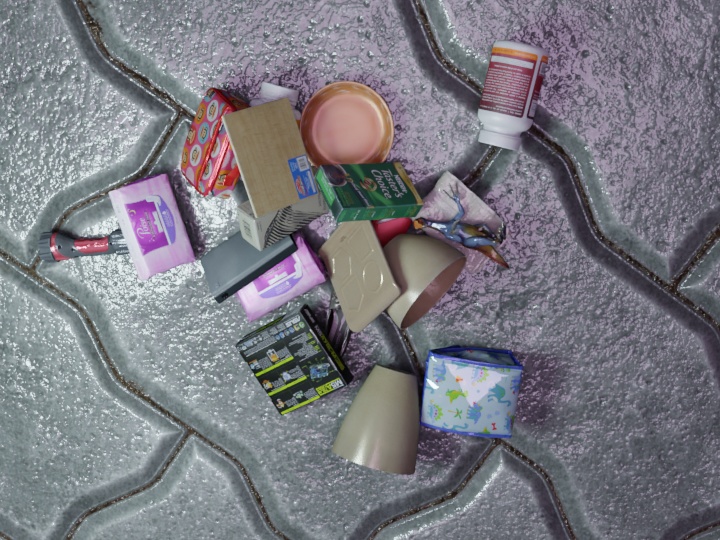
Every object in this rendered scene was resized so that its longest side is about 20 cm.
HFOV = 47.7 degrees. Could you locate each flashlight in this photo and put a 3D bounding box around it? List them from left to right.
[{"bbox_3d":[-0.584,-0.058,1.744,0.198,0.068,0.069,-6,99,5],"label":"flashlight"}]

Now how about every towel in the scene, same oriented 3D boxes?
[{"bbox_3d":[0.212,-0.097,1.716,0.200,0.035,0.133,40,99,-11],"label":"towel"}]

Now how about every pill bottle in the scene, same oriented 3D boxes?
[{"bbox_3d":[-0.185,-0.277,1.662,0.108,0.109,0.202,15,102,-1],"label":"pill bottle"},{"bbox_3d":[0.299,-0.348,1.628,0.112,0.113,0.202,12,101,0],"label":"pill bottle"}]

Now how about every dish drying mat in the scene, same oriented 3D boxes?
[{"bbox_3d":[0.039,-0.051,1.747,0.076,0.018,0.201,28,101,-5],"label":"dish drying mat"}]

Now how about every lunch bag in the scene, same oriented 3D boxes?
[{"bbox_3d":[-0.278,-0.247,1.630,0.081,0.176,0.201,7,117,-40],"label":"lunch bag"},{"bbox_3d":[0.231,0.257,1.749,0.198,0.127,0.172,4,102,-9],"label":"lunch bag"}]

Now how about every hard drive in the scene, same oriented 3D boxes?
[{"bbox_3d":[-0.233,-0.034,1.696,0.199,0.140,0.033,-34,132,3],"label":"hard drive"}]

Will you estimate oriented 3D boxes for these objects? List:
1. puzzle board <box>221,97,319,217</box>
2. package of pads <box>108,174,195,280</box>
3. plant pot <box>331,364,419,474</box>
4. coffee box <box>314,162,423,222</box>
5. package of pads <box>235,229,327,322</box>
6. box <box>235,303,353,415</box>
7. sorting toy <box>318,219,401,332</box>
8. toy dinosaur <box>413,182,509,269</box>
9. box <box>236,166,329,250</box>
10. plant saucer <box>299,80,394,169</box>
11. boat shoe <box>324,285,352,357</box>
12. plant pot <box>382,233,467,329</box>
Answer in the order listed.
[{"bbox_3d":[-0.173,-0.220,1.577,0.150,0.017,0.202,-24,101,-33],"label":"puzzle board"},{"bbox_3d":[-0.434,-0.090,1.700,0.120,0.075,0.202,-24,103,-31],"label":"package of pads"},{"bbox_3d":[0.053,0.311,1.752,0.185,0.187,0.202,15,88,-1],"label":"plant pot"},{"bbox_3d":[0.018,-0.159,1.631,0.198,0.124,0.044,-5,144,-32],"label":"coffee box"},{"bbox_3d":[-0.181,0.011,1.738,0.199,0.076,0.121,-29,99,7],"label":"package of pads"},{"bbox_3d":[-0.144,0.196,1.759,0.199,0.048,0.194,-29,101,29],"label":"box"},{"bbox_3d":[0.000,0.000,1.663,0.185,0.036,0.201,-46,62,46],"label":"sorting toy"},{"bbox_3d":[0.202,-0.068,1.666,0.180,0.105,0.202,-1,119,20],"label":"toy dinosaur"},{"bbox_3d":[-0.149,-0.127,1.651,0.199,0.068,0.083,-33,137,-26],"label":"box"},{"bbox_3d":[-0.028,-0.290,1.691,0.198,0.037,0.202,1,102,3],"label":"plant saucer"},{"bbox_3d":[-0.042,0.109,1.755,0.066,0.057,0.202,12,107,0],"label":"boat shoe"},{"bbox_3d":[0.105,0.003,1.683,0.134,0.200,0.201,43,101,17],"label":"plant pot"}]
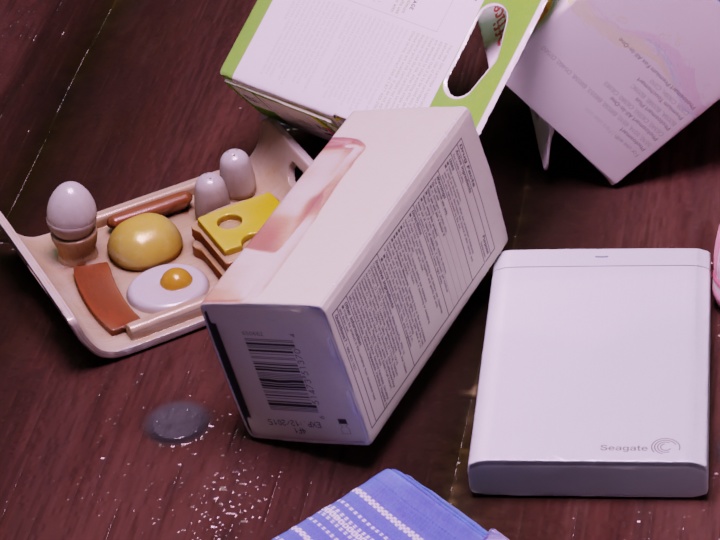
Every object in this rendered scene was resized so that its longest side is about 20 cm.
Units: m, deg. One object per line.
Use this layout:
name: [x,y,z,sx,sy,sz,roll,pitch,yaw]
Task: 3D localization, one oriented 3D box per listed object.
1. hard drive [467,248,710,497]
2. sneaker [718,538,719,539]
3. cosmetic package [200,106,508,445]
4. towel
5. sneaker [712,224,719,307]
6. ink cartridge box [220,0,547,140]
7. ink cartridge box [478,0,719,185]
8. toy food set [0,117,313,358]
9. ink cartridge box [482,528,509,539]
hard drive: [0.135,0.055,1.494,0.131,0.027,0.200,0,36,9]
sneaker: [0.216,0.132,1.295,0.198,0.116,0.081,-18,36,-9]
cosmetic package: [0.000,0.000,1.510,0.087,0.104,0.200,2,35,32]
towel: [-0.016,0.178,1.348,0.199,0.024,0.145,-28,40,-28]
sneaker: [0.293,-0.053,1.555,0.200,0.105,0.075,-26,38,-27]
ink cartridge box: [0.031,-0.145,1.652,0.199,0.076,0.148,23,82,33]
ink cartridge box: [0.168,-0.167,1.659,0.200,0.125,0.129,-40,28,20]
toy food set: [-0.115,-0.030,1.620,0.199,0.061,0.144,-21,38,-19]
ink cartridge box: [0.069,0.222,1.217,0.199,0.041,0.200,27,60,34]
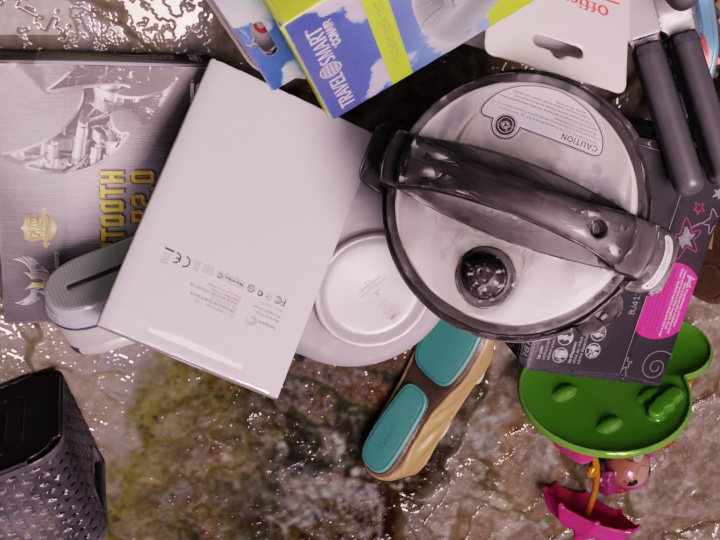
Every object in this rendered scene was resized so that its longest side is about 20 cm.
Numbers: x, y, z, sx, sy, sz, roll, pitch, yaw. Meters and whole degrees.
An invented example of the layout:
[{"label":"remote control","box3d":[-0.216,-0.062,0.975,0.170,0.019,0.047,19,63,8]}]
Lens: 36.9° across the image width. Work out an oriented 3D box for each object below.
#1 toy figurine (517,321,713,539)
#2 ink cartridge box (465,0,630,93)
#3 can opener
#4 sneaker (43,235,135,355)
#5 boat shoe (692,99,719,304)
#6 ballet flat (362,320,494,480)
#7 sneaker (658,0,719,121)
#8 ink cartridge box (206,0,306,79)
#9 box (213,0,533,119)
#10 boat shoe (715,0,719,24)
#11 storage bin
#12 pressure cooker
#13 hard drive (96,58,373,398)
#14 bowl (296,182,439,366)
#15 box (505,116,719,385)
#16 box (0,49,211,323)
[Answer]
[{"label":"toy figurine","box3d":[0.235,0.164,1.003,0.199,0.150,0.185,-30,134,-29]},{"label":"ink cartridge box","box3d":[0.125,-0.215,0.761,0.116,0.067,0.202,12,70,-19]},{"label":"can opener","box3d":[0.228,-0.156,0.783,0.053,0.067,0.201,-17,88,2]},{"label":"sneaker","box3d":[-0.132,0.003,0.799,0.199,0.073,0.071,-17,145,-11]},{"label":"boat shoe","box3d":[0.324,-0.072,0.931,0.075,0.074,0.203,-31,139,-37]},{"label":"ballet flat","box3d":[0.070,0.100,0.953,0.063,0.069,0.201,16,114,-45]},{"label":"sneaker","box3d":[0.228,-0.213,0.856,0.095,0.079,0.202,-6,106,-2]},{"label":"ink cartridge box","box3d":[-0.018,-0.243,0.701,0.200,0.084,0.145,-37,81,20]},{"label":"box","box3d":[0.024,-0.169,0.640,0.199,0.048,0.122,-31,158,2]},{"label":"boat shoe","box3d":[0.352,-0.171,0.913,0.200,0.063,0.073,39,94,-21]},{"label":"storage bin","box3d":[-0.306,0.174,0.831,0.199,0.135,0.094,-20,117,-6]},{"label":"pressure cooker","box3d":[0.105,-0.037,0.716,0.175,0.200,0.180,-22,83,8]},{"label":"hard drive","box3d":[-0.083,-0.029,0.752,0.131,0.027,0.201,23,77,-12]},{"label":"bowl","box3d":[0.000,0.000,0.867,0.199,0.090,0.203,-5,114,-12]},{"label":"box","box3d":[0.198,-0.024,0.897,0.131,0.115,0.201,8,108,-17]},{"label":"box","box3d":[-0.190,-0.062,0.811,0.157,0.048,0.202,-1,113,-15]}]
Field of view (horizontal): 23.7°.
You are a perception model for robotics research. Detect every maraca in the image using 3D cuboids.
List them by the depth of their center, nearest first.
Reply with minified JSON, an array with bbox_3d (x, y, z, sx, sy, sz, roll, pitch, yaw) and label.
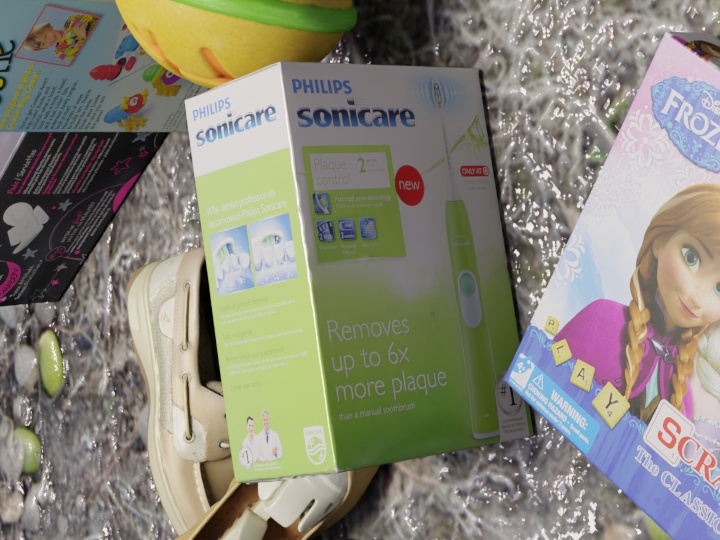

- _Activity_
Set down all the entries above verbatim, and include none of the pictures.

- _Solution for this task_
Every object in this rendered scene was resized so that its longest side is about 20 cm.
HFOV = 47.7 degrees. Could you locate each flashlight in this photo and put a 3D bounding box around it? List them from left to right.
[{"bbox_3d":[-0.584,-0.058,1.744,0.198,0.068,0.069,-6,99,5],"label":"flashlight"}]

Now how about every towel in the scene, same oriented 3D boxes?
[{"bbox_3d":[0.212,-0.097,1.716,0.200,0.035,0.133,40,99,-11],"label":"towel"}]

Now how about every pill bottle in the scene, same oriented 3D boxes?
[{"bbox_3d":[-0.185,-0.277,1.662,0.108,0.109,0.202,15,102,-1],"label":"pill bottle"},{"bbox_3d":[0.299,-0.348,1.628,0.112,0.113,0.202,12,101,0],"label":"pill bottle"}]

Now how about every dish drying mat in the scene, same oriented 3D boxes?
[{"bbox_3d":[0.039,-0.051,1.747,0.076,0.018,0.201,28,101,-5],"label":"dish drying mat"}]

Now how about every lunch bag in the scene, same oriented 3D boxes?
[{"bbox_3d":[-0.278,-0.247,1.630,0.081,0.176,0.201,7,117,-40],"label":"lunch bag"},{"bbox_3d":[0.231,0.257,1.749,0.198,0.127,0.172,4,102,-9],"label":"lunch bag"}]

Now how about every hard drive in the scene, same oriented 3D boxes?
[{"bbox_3d":[-0.233,-0.034,1.696,0.199,0.140,0.033,-34,132,3],"label":"hard drive"}]

Will you estimate oriented 3D boxes for these objects? List:
1. puzzle board <box>221,97,319,217</box>
2. package of pads <box>108,174,195,280</box>
3. plant pot <box>331,364,419,474</box>
4. coffee box <box>314,162,423,222</box>
5. package of pads <box>235,229,327,322</box>
6. box <box>235,303,353,415</box>
7. sorting toy <box>318,219,401,332</box>
8. toy dinosaur <box>413,182,509,269</box>
9. box <box>236,166,329,250</box>
10. plant saucer <box>299,80,394,169</box>
11. boat shoe <box>324,285,352,357</box>
12. plant pot <box>382,233,467,329</box>
Answer in the order listed.
[{"bbox_3d":[-0.173,-0.220,1.577,0.150,0.017,0.202,-24,101,-33],"label":"puzzle board"},{"bbox_3d":[-0.434,-0.090,1.700,0.120,0.075,0.202,-24,103,-31],"label":"package of pads"},{"bbox_3d":[0.053,0.311,1.752,0.185,0.187,0.202,15,88,-1],"label":"plant pot"},{"bbox_3d":[0.018,-0.159,1.631,0.198,0.124,0.044,-5,144,-32],"label":"coffee box"},{"bbox_3d":[-0.181,0.011,1.738,0.199,0.076,0.121,-29,99,7],"label":"package of pads"},{"bbox_3d":[-0.144,0.196,1.759,0.199,0.048,0.194,-29,101,29],"label":"box"},{"bbox_3d":[0.000,0.000,1.663,0.185,0.036,0.201,-46,62,46],"label":"sorting toy"},{"bbox_3d":[0.202,-0.068,1.666,0.180,0.105,0.202,-1,119,20],"label":"toy dinosaur"},{"bbox_3d":[-0.149,-0.127,1.651,0.199,0.068,0.083,-33,137,-26],"label":"box"},{"bbox_3d":[-0.028,-0.290,1.691,0.198,0.037,0.202,1,102,3],"label":"plant saucer"},{"bbox_3d":[-0.042,0.109,1.755,0.066,0.057,0.202,12,107,0],"label":"boat shoe"},{"bbox_3d":[0.105,0.003,1.683,0.134,0.200,0.201,43,101,17],"label":"plant pot"}]
Every object in this rendered scene was resized so that its longest side is about 20 cm.
Units: m, deg. One object per line.
Use this layout:
name: [x,y,z,sx,sy,sz,roll,pitch,yaw]
Task: 3D localization, one oriented 3D box per listed object.
1. hard drive [467,248,710,497]
2. sneaker [718,538,719,539]
3. cosmetic package [200,106,508,445]
4. towel
5. sneaker [712,224,719,307]
6. ink cartridge box [220,0,547,140]
7. ink cartridge box [478,0,719,185]
8. toy food set [0,117,313,358]
9. ink cartridge box [482,528,509,539]
hard drive: [0.135,0.055,1.494,0.131,0.027,0.200,0,36,9]
sneaker: [0.216,0.132,1.295,0.198,0.116,0.081,-18,36,-9]
cosmetic package: [0.000,0.000,1.510,0.087,0.104,0.200,2,35,32]
towel: [-0.016,0.178,1.348,0.199,0.024,0.145,-28,40,-28]
sneaker: [0.293,-0.053,1.555,0.200,0.105,0.075,-26,38,-27]
ink cartridge box: [0.031,-0.145,1.652,0.199,0.076,0.148,23,82,33]
ink cartridge box: [0.168,-0.167,1.659,0.200,0.125,0.129,-40,28,20]
toy food set: [-0.115,-0.030,1.620,0.199,0.061,0.144,-21,38,-19]
ink cartridge box: [0.069,0.222,1.217,0.199,0.041,0.200,27,60,34]
Every object in this rendered scene was resized so that its longest side is about 20 cm.
Numbers: x, y, z, sx, sy, sz, roll, pitch, yaw. Meters and whole degrees.
An invented example of the layout:
[{"label":"remote control","box3d":[-0.216,-0.062,0.975,0.170,0.019,0.047,19,63,8]}]
Lens: 36.9° across the image width. Work out an oriented 3D box for each object below.
#1 toy figurine (517,321,713,539)
#2 ink cartridge box (465,0,630,93)
#3 can opener
#4 sneaker (43,235,135,355)
#5 boat shoe (692,99,719,304)
#6 ballet flat (362,320,494,480)
#7 sneaker (658,0,719,121)
#8 ink cartridge box (206,0,306,79)
#9 box (213,0,533,119)
#10 boat shoe (715,0,719,24)
#11 storage bin
#12 pressure cooker
#13 hard drive (96,58,373,398)
#14 bowl (296,182,439,366)
#15 box (505,116,719,385)
#16 box (0,49,211,323)
[Answer]
[{"label":"toy figurine","box3d":[0.235,0.164,1.003,0.199,0.150,0.185,-30,134,-29]},{"label":"ink cartridge box","box3d":[0.125,-0.215,0.761,0.116,0.067,0.202,12,70,-19]},{"label":"can opener","box3d":[0.228,-0.156,0.783,0.053,0.067,0.201,-17,88,2]},{"label":"sneaker","box3d":[-0.132,0.003,0.799,0.199,0.073,0.071,-17,145,-11]},{"label":"boat shoe","box3d":[0.324,-0.072,0.931,0.075,0.074,0.203,-31,139,-37]},{"label":"ballet flat","box3d":[0.070,0.100,0.953,0.063,0.069,0.201,16,114,-45]},{"label":"sneaker","box3d":[0.228,-0.213,0.856,0.095,0.079,0.202,-6,106,-2]},{"label":"ink cartridge box","box3d":[-0.018,-0.243,0.701,0.200,0.084,0.145,-37,81,20]},{"label":"box","box3d":[0.024,-0.169,0.640,0.199,0.048,0.122,-31,158,2]},{"label":"boat shoe","box3d":[0.352,-0.171,0.913,0.200,0.063,0.073,39,94,-21]},{"label":"storage bin","box3d":[-0.306,0.174,0.831,0.199,0.135,0.094,-20,117,-6]},{"label":"pressure cooker","box3d":[0.105,-0.037,0.716,0.175,0.200,0.180,-22,83,8]},{"label":"hard drive","box3d":[-0.083,-0.029,0.752,0.131,0.027,0.201,23,77,-12]},{"label":"bowl","box3d":[0.000,0.000,0.867,0.199,0.090,0.203,-5,114,-12]},{"label":"box","box3d":[0.198,-0.024,0.897,0.131,0.115,0.201,8,108,-17]},{"label":"box","box3d":[-0.190,-0.062,0.811,0.157,0.048,0.202,-1,113,-15]}]
Field of view (horizontal): 23.7°.
You are a perception model for robotics research. Detect every maraca in the image using 3D cuboids.
List them by the depth of their center, nearest first.
Reply with minified JSON, an array with bbox_3d (x, y, z, sx, sy, sz, roll, pitch, yaw) and label.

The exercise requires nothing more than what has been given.